**WHAT THE EXERCISE ASKS:**
Use the entries below and reproduce exactly the lines from the one containing "Field of view (horizontal): 87.0°." down to the one containing "4. trailer [0,586,39,639]", both of them included.

Stored data
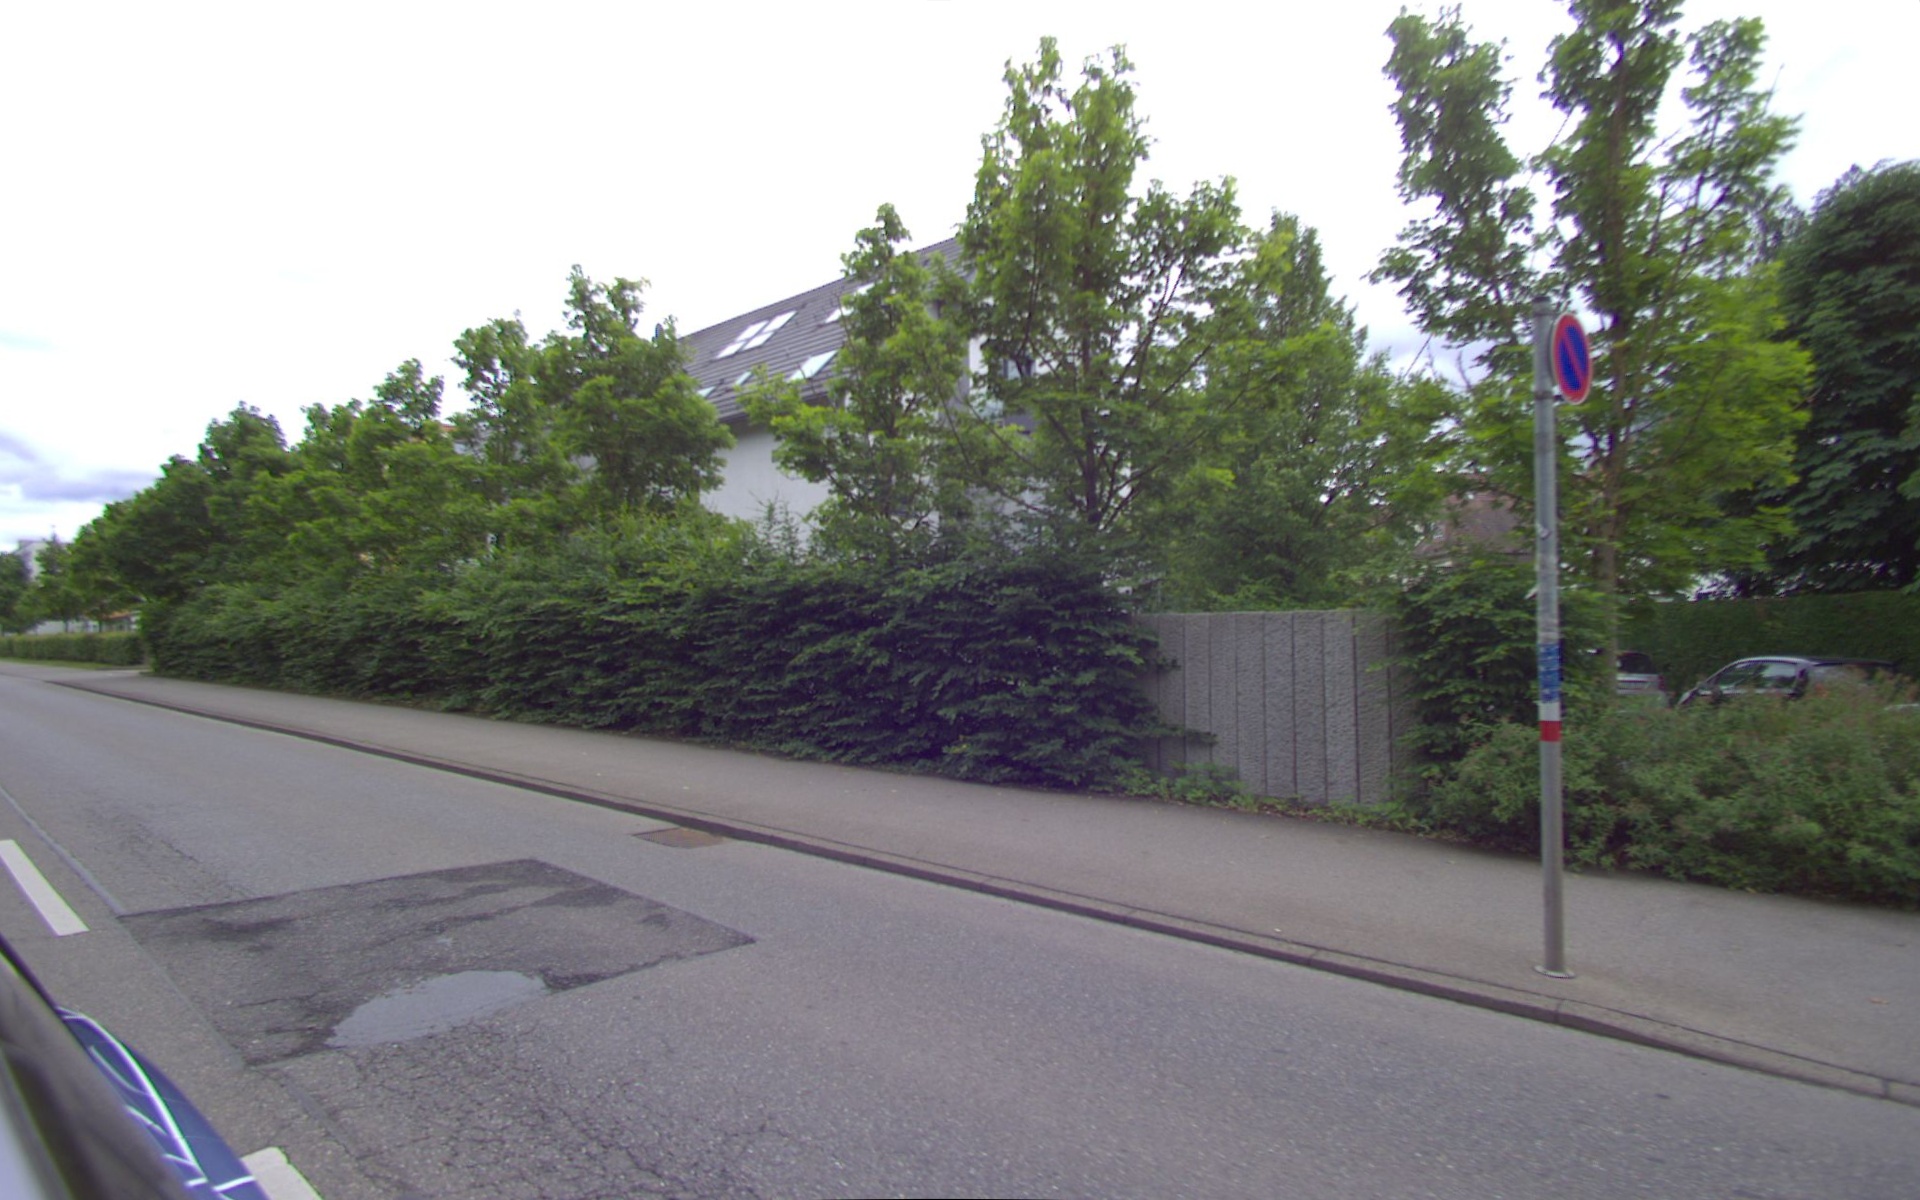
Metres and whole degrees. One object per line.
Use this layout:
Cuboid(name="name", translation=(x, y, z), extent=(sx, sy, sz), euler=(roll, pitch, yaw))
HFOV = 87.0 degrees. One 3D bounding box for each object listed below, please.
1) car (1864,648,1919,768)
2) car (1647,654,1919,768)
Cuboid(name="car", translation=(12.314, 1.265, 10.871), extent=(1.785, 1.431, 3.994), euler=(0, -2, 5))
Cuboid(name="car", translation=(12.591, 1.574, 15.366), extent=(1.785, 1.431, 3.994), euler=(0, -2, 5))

---

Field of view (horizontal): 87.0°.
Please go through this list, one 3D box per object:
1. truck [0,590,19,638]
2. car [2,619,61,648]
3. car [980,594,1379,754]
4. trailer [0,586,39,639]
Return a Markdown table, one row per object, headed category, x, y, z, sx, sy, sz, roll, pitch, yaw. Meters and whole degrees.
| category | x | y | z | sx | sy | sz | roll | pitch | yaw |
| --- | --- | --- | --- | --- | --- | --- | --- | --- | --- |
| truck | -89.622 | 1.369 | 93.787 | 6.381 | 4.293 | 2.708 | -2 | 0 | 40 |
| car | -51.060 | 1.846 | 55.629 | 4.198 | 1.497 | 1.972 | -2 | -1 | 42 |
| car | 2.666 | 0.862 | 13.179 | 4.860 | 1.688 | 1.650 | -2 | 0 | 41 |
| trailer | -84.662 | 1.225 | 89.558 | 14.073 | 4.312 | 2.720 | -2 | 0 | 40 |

**ANSWER FOR THE TASK:**
Field of view (horizontal): 87.0°.
Please go through this list, one 3D box per object:
1. truck [0,590,19,638]
2. car [2,619,61,648]
3. car [980,594,1379,754]
4. trailer [0,586,39,639]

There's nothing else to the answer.